Task to complete: Each line from the opening of the records that follow to the line with "Answer: Fraud What" needs to be written out exactly. Add nothing.

The input:
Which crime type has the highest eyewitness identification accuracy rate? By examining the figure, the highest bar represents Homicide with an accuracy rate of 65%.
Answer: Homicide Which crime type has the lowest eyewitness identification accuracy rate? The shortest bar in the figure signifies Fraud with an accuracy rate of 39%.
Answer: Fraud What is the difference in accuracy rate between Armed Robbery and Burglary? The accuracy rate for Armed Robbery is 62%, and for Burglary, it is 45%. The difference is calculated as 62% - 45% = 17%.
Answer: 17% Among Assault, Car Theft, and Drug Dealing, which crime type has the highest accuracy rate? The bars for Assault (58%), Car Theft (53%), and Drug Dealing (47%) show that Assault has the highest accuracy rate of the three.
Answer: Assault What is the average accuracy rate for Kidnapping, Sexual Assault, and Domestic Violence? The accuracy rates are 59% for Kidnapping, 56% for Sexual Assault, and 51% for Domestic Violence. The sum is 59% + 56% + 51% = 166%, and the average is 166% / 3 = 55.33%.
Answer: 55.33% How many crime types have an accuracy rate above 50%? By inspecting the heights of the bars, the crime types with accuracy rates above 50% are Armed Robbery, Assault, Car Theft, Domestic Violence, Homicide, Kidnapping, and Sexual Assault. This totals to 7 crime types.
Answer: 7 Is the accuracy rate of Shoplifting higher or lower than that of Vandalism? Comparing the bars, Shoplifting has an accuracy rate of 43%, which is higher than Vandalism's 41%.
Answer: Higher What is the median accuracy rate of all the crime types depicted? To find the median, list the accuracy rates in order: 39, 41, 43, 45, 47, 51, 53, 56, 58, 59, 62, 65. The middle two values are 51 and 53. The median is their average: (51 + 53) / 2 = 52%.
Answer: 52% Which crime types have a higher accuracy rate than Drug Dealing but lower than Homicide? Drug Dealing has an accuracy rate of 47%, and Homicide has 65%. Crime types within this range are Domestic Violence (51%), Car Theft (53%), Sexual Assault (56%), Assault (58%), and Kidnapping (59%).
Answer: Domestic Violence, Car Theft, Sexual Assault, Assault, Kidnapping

Answer to this problem:
Which crime type has the highest eyewitness identification accuracy rate? By examining the figure, the highest bar represents Homicide with an accuracy rate of 65%.
Answer: Homicide Which crime type has the lowest eyewitness identification accuracy rate? The shortest bar in the figure signifies Fraud with an accuracy rate of 39%.
Answer: Fraud What is the difference in accuracy rate between Armed Robbery and Burglary? The accuracy rate for Armed Robbery is 62%, and for Burglary, it is 45%. The difference is calculated as 62% - 45% = 17%.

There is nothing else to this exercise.